The White House and Congress are poised to carry out the most sweeping restructuring of federal housing policy in decades. Proposals include the transition of rental housing assistance from direct appropriations to block grants, establishment of work requirements, expansion of the Low-Income Housing Tax Credit, continuation of the Opportunity Zones program, and more.
State and local leaders must act quickly and decisively to implement their own solutions to the housing crisis. After nearly 12 months of work, the National Housing Crisis Task Force, convened by Accelerator for America and Drexel University’s Nowak Metro Finance Lab, has released its State and Local Housing Action Plan to serve as a guide for state and local leaders to create housing solutions in their jurisdictions and reduce reliance on federal support.
The Task Force is led by Co-Chairs, Utah Gov. Spencer Cox, Cleveland Mayor Justin Bibb, Atlanta Mayor Andre Dickens, and Susan Thomas, President of Fifth Third Community Development Corp. Its membership includes 28 practitioners from across the country, representing a broad range of perspectives within the housing ecosystem.
Gov. Spencer Cox gathered local elected officials and state policymakers in Utah to discuss the housing affordability crisis in his state and nationally.

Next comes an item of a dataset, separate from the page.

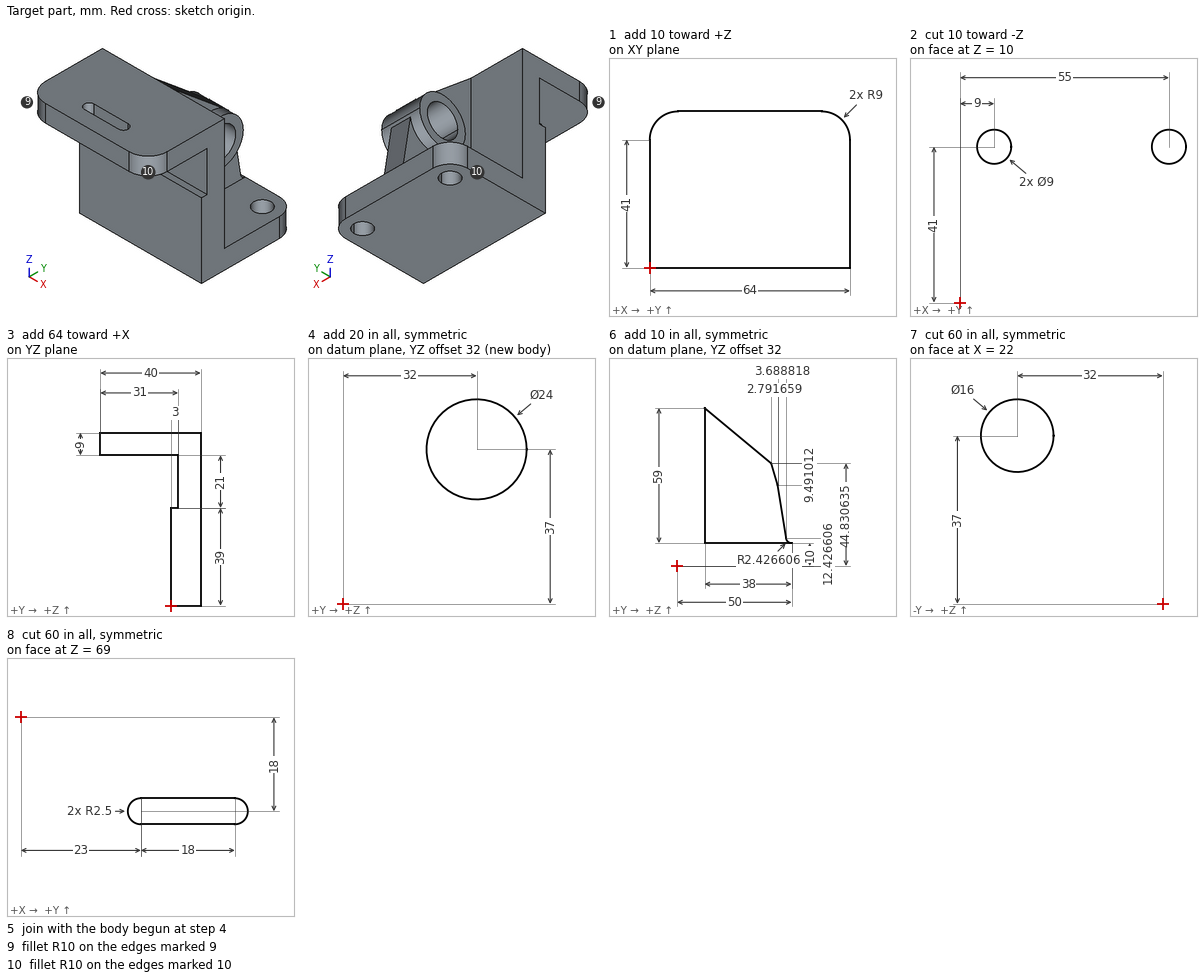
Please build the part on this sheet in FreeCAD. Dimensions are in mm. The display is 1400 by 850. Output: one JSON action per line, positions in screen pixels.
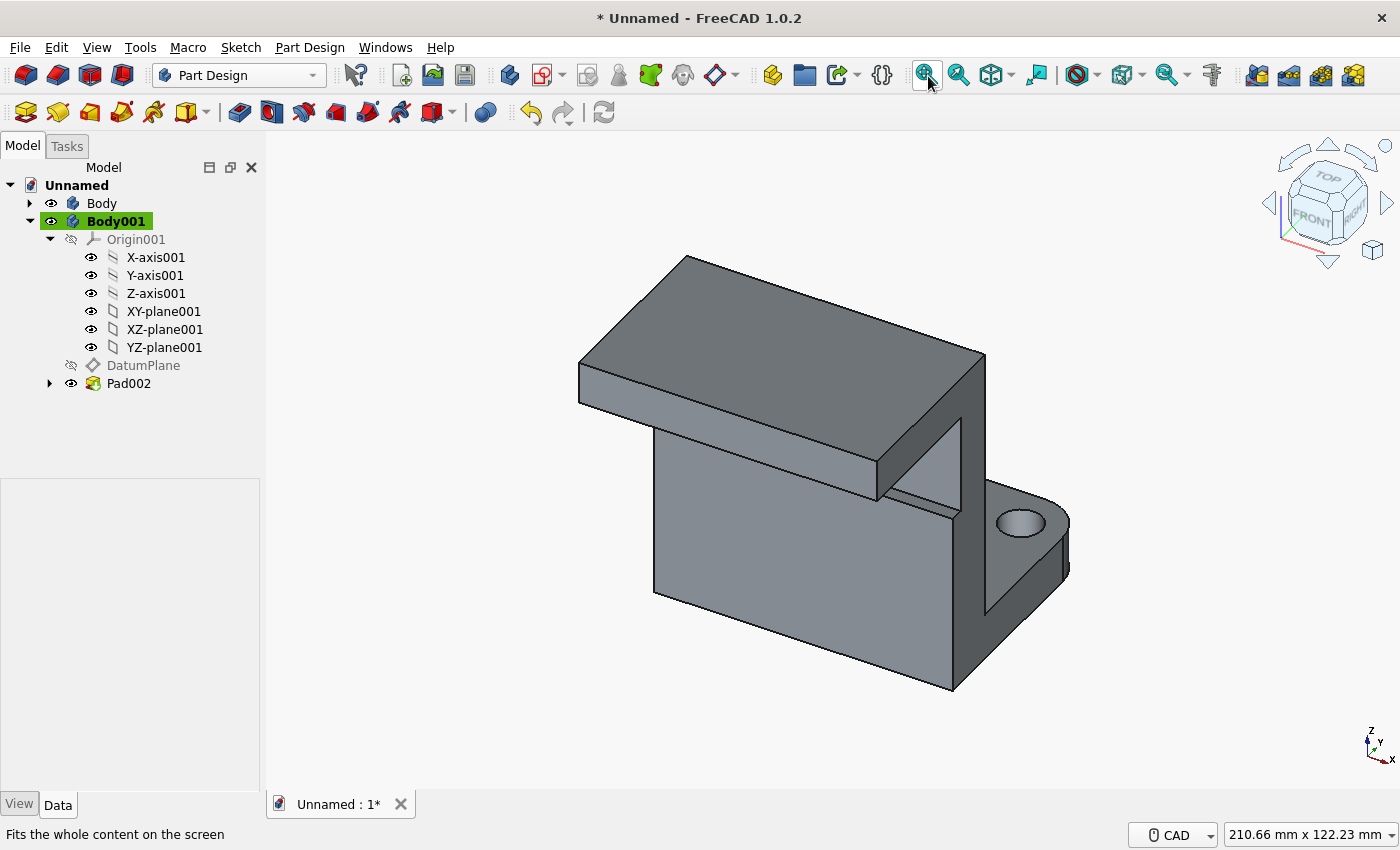
{"action": "double_click", "coordinate": [96, 203]}

“The housing crisis is making it harder for families to put down roots, for workers to live near jobs, and for young people to build a future. This Action Plan gives state and local leaders practical, tested tools to build more housing and make it attainable for the people who need it most. We can’t afford to sit back and wait for federal solutions. The time to act is now,” said Utah Gov. Spencer Cox.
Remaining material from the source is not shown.